From when I first read it I thought he was more than just chief of security relationship with this financial iconic kid. It was kind of father son-ish in some ways, seeing someone who over the years come sot care for this kid. He’s doing the dumbest things and constantly putting me in danger. It is layered, there is a lot happening, a lot of affection too and loathing. It’s all there.
Robert Pattinson said he had ideas for his onscreen relationship with Torval. Did you ever discuss it?
He didn’t really have to think of it. He’s used to a lot of security and so it was natural. It was important to him because especially in this film, his life is in Torval’s hands. There were times when I was reading the script I asked myself so many questions. Does he like this kid? Does he want to kill this kid? There were so many things going on. Ultimately he was just trying to keep him alive.
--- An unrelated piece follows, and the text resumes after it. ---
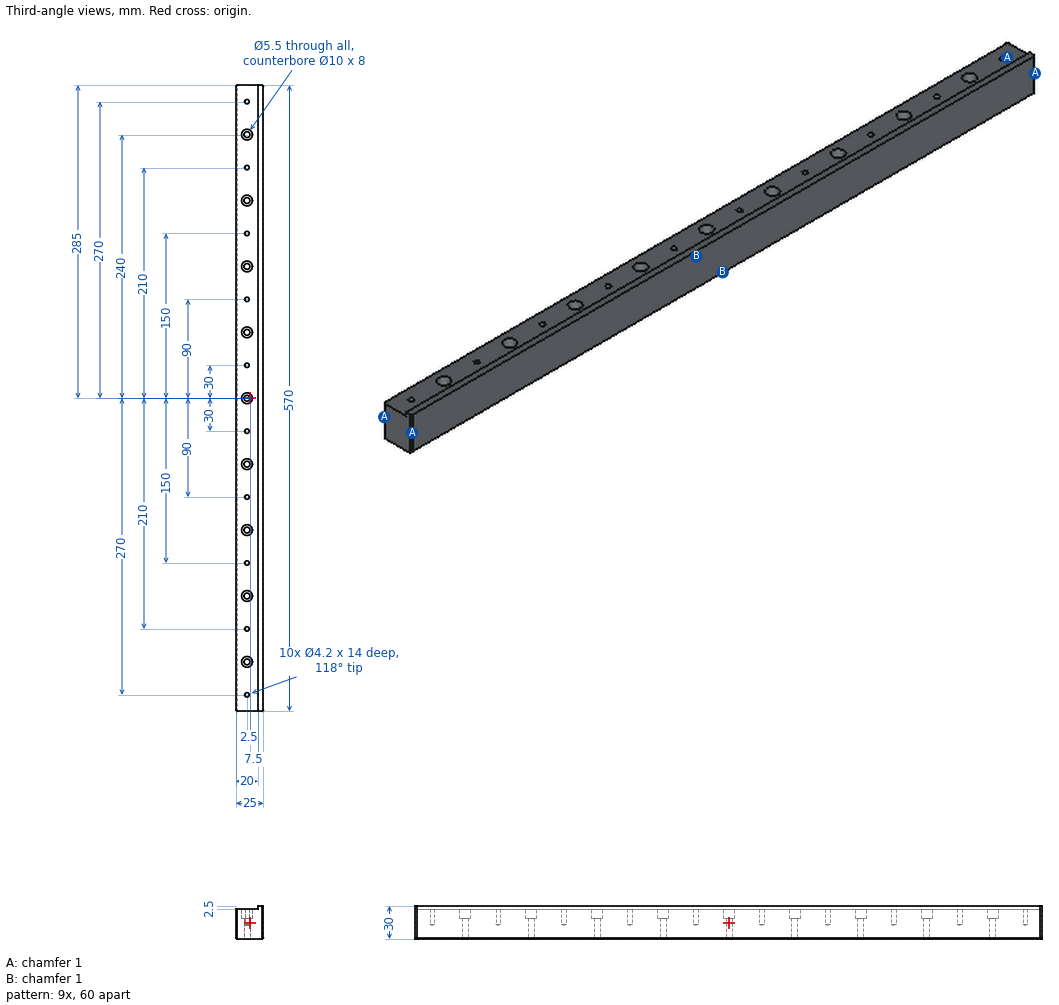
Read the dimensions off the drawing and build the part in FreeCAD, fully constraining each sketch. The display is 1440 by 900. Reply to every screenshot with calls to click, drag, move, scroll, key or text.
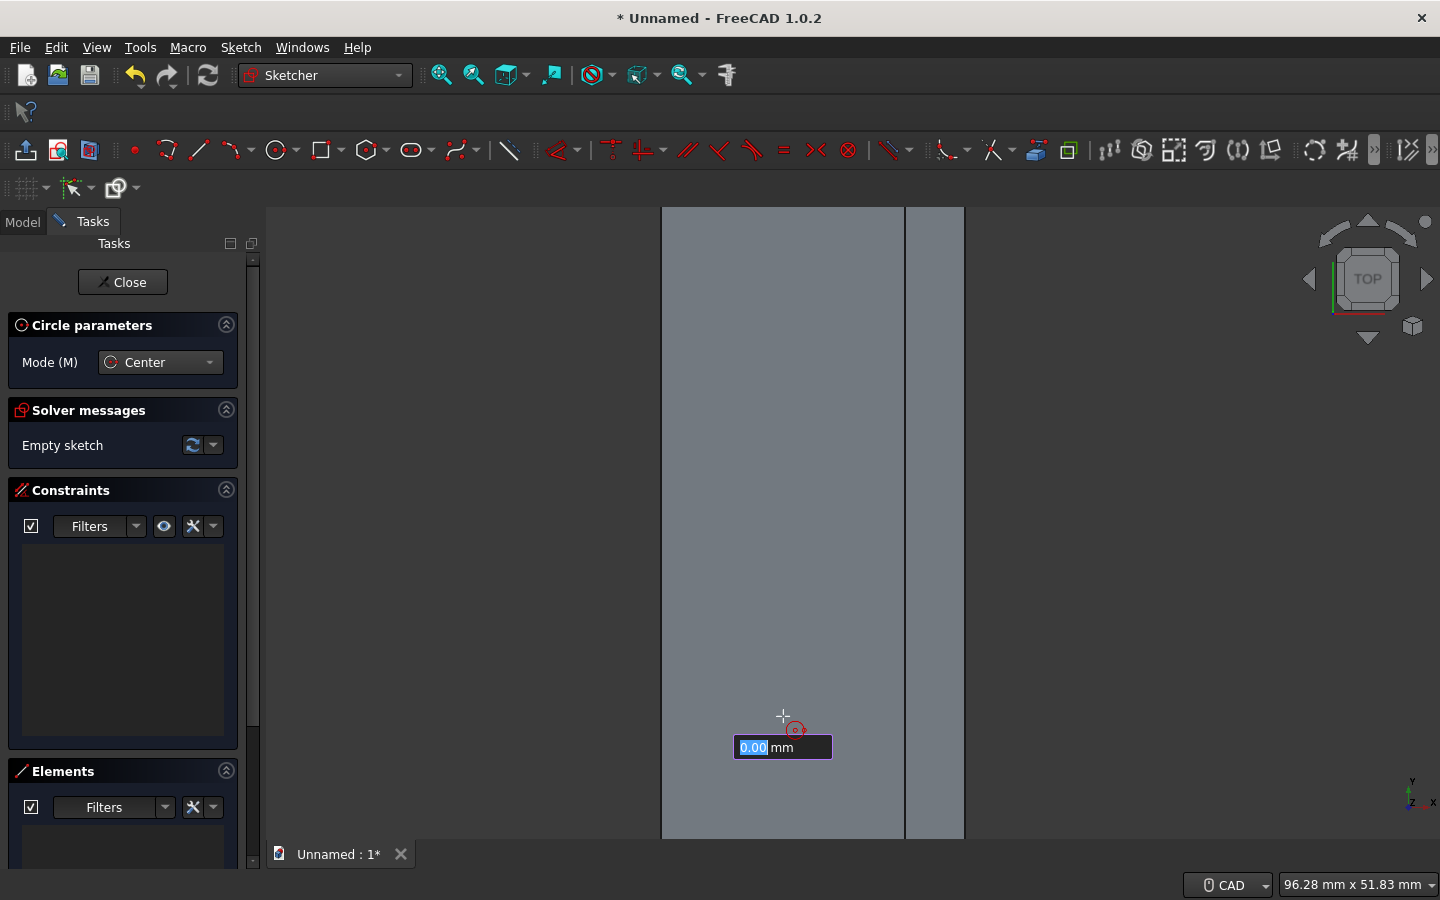
scroll(784, 724, down, 14)

There are moments when you’re looking at him and there is real fire.
I can’t believe it but it’s a daily thing for him. It was hard for me to get into that too much. It was the second scene we shot and I was frustrated. I was getting angry that he wasn’t looking at me. It was either his choice or David’s choice but he never makes eye contact with me so immediately that informs you of your place. I remember I had to pull it back and make it sit. You’re feeling “What am I?” This real classist thing. There was disdain for him but he was also entertained by the ridiculous shit he talks about, like saying how perky a woman’s breasts were. It’s like, “How do you get away with this shit?” I would be in prison. It’s an interesting mix of disdain and admiration.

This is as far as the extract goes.